START Record excerpts

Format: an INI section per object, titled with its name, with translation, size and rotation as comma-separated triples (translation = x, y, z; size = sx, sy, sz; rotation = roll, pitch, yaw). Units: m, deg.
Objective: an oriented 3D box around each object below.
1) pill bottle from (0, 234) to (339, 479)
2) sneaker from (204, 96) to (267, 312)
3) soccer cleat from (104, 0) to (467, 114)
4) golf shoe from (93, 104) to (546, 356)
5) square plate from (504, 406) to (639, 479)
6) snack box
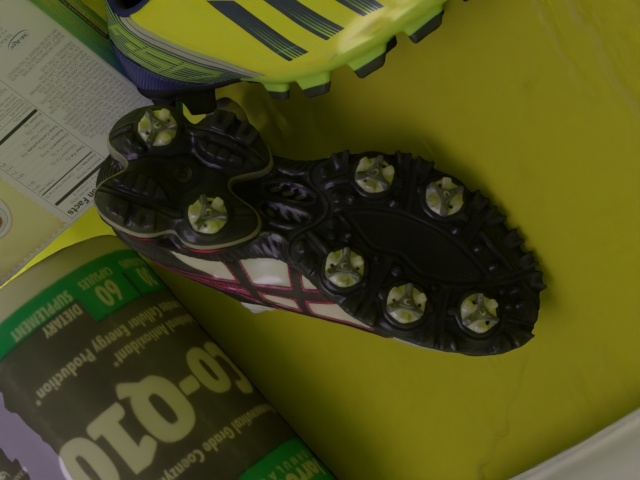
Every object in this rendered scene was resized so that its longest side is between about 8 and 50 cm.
[pill bottle]
translation = -0.104, 0.189, 1.143
size = 0.361, 0.204, 0.204
rotation = 48, 141, 8
[sneaker]
translation = -0.034, -0.024, 1.048
size = 0.061, 0.053, 0.152
rotation = -2, 119, 29
[soccer cleat]
translation = -0.030, -0.145, 0.914
size = 0.289, 0.093, 0.121
rotation = -7, 113, 48
[golf shoe]
translation = 0.000, 0.000, 0.970
size = 0.273, 0.105, 0.120
rotation = 21, 160, 4
[square plate]
translation = 0.274, 0.232, 0.914
size = 0.347, 0.049, 0.344
rotation = 52, 141, 4
[snack box]
translation = -0.267, -0.044, 1.068
size = 0.322, 0.060, 0.187
rotation = -39, 123, 19

END Record excerpts

_Task description_. Scan the listing above, and wherever a line holds the string "from", copy that line.

_Output for this exercise_.
1) pill bottle from (0, 234) to (339, 479)
2) sneaker from (204, 96) to (267, 312)
3) soccer cleat from (104, 0) to (467, 114)
4) golf shoe from (93, 104) to (546, 356)
5) square plate from (504, 406) to (639, 479)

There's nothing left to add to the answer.